5.2 Model training result

5.2.1 Model performance metrics

After selecting at the Model 1 as shown above, we can see from the 100% Precision, 100% Recall, and 100% F1 score that the model performance is quite good. We can also check the performance per label (missing component), and we’ll be happy to find that all three labels’ F1 scores are above 93%, and the Average IoUs are above 85%. This result is satisfying for this small dataset that we demonstrated in the post.

5.2.2 Visualization of synthetic defects detection in the test dataset.

As the following image shows, each image will be defected as an normal or anomaly label with a confidence score. If it’s an anomaly, then it will show a mask over the abnormal area in the image with a different color for each defect type.

The following is an example of combined missing components (three defects in this case) in the test dataset:

Next you can compile and package the model as an AWS IoT Greengrass component following the instructions in this post, Identify the location of anomalies using Amazon Lookout for Vision at the edge without using a GPU, and run inferences on the model.

6. Test the Lookout for Vision model trained on synthetic data against real defects

To test if the model trained on the synthetic defect can perform well against real defects, we picked a dataset (aliens-dataset) from here to run an experiment.

First, we compare the generated synthetic defect and the real defect. The left image is a real defect with a missing head, and the right image is a generated defect with the head removed using an ML model.

Real defect

Synthetic defect

Second, we use the trial detections in Lookout for Vision to test the model against the real defect. You can either save the test images in the S3 bucket and import them from Amazon S3 or upload images from your computer. Then, select Detect anomalies to run the detection.

Finally, you can see the prediction result of the real defect. The model trained on synthetic defects can defect the real defect accurately in this experiment.

The model trained on synthetic defects may not always perform well on real defects, especially circuit boards which are much more complicated than this sample dataset. If you want to retrain the model with real defects, then you can select the orange button labeled Verify machine predictions in the upper right corner of the prediction result, and then check it as Correct or Incorrect.

Then you can add the verified image and label to the training dataset by selecting the orange button in the upper right corner to enhance model performance.

7. Cost estimation

This image augmentation pipeline for Lookout for Vision is very cost-effective.
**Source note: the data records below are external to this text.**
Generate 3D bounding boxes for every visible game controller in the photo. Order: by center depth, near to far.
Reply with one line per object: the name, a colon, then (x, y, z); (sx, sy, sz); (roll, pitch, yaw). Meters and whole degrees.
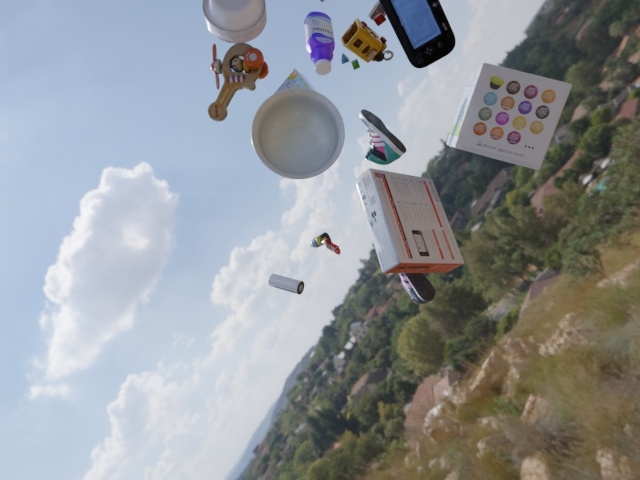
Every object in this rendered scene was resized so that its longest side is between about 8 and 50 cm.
game controller: (0.319, -0.744, 1.509); (0.167, 0.319, 0.067); (-18, 23, 39)

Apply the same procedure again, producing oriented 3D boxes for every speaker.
speaker: (-0.133, 0.167, 1.761); (0.055, 0.136, 0.055); (-36, -48, -53)

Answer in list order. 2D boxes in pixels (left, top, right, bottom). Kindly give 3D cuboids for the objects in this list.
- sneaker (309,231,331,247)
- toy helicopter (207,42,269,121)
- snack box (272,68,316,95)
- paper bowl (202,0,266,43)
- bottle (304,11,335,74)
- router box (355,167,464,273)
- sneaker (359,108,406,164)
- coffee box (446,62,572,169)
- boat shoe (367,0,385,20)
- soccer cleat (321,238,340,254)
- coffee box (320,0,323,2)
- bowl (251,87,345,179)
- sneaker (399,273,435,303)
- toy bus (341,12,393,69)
sneaker: (0.000, 0.000, 2.042); (0.059, 0.053, 0.144); (-30, -8, 28)
toy helicopter: (-0.392, -0.678, 1.937); (0.354, 0.235, 0.140); (-63, -5, 0)
snack box: (-0.119, -0.597, 1.951); (0.207, 0.174, 0.070); (-43, -26, 22)
paper bowl: (-0.388, -1.052, 2.051); (0.284, 0.284, 0.148); (-54, -4, -12)
bottle: (-0.001, -0.800, 1.847); (0.092, 0.118, 0.282); (123, 146, -59)
router box: (0.292, -0.059, 1.487); (0.302, 0.335, 0.082); (3, -28, -35)
sneaker: (0.259, -0.478, 2.207); (0.178, 0.295, 0.124); (-46, -9, 36)
coffee box: (0.751, -0.508, 1.876); (0.338, 0.338, 0.333); (-54, -20, -73)
boat shoe: (0.252, -0.926, 1.796); (0.206, 0.065, 0.075); (-60, 12, -30)
soccer cleat: (0.039, 0.023, 1.631); (0.036, 0.083, 0.029); (-20, 39, 46)
coffee box: (0.043, -1.272, 2.128); (0.247, 0.141, 0.098); (-32, 40, 35)
bowl: (-0.073, -0.330, 1.484); (0.297, 0.298, 0.134); (-55, -2, -7)
sneaker: (0.385, 0.145, 2.042); (0.112, 0.318, 0.131); (-21, -14, -21)
toy bus: (0.175, -0.703, 1.655); (0.190, 0.203, 0.104); (77, -176, -51)

In the example shown above, Amazon SageMaker Ground Truth Labeling, Amazon SageMaker notebook, and SageMaker asynchronous endpoint deployment and inference only cost a few dollars. For Lookout for Vision service, you pay only for what you use. There are three components that determine your bill: charges for training the model (training hours), charges for detecting anomalies on the cloud (cloud inference hours), and/or charges for detecting anomalies on the edge (edge inference units). In our experiment, the Lookout for Vision model took slightly longer than one hour to complete training, and it cost $2.00 per training hour. Furthermore, you can use the trained model for inference on the cloud or on the edge with the price listed here.

8. Clean up

To avoid incurring unnecessary charges, use the Console to delete the endpoints and resources that you created while running the exercises in the post.

Open the SageMaker console and delete the following resources:
- The endpoint. Deleting the endpoint also deletes the ML compute instance or instances that support it.
  1. Under Inference, choose Endpoints.
  2. Choose the endpoint that you created in the example, choose Actions, and then choose Delete.
- The endpoint configuration.
  1. Under Inference, choose Endpoint configurations.
  2. Choose the endpoint configuration that you created in the example, choose Actions, and then choose Delete.
- The model.
  1. Under Inference, choose Models.
  2. Choose the model that you created in the example, choose Actions, and then choose Delete.
- The notebook instance. Before deleting the notebook instance, stop it.
  1. Under Notebook, choose Notebook instances.
  2. Choose the notebook instance that you created in the example, choose Actions, and then choose Stop. The notebook instance takes several minutes to stop. When the Status changes to Stopped, move on to the next step.
  3. Choose Actions, and then choose Delete.
Open the Amazon S3 console, and then delete the bucket that you created for storing model artifacts and the training dataset.
Open the Amazon CloudWatch console, and then delete all of the log groups that have names starting with /aws/sagemaker/.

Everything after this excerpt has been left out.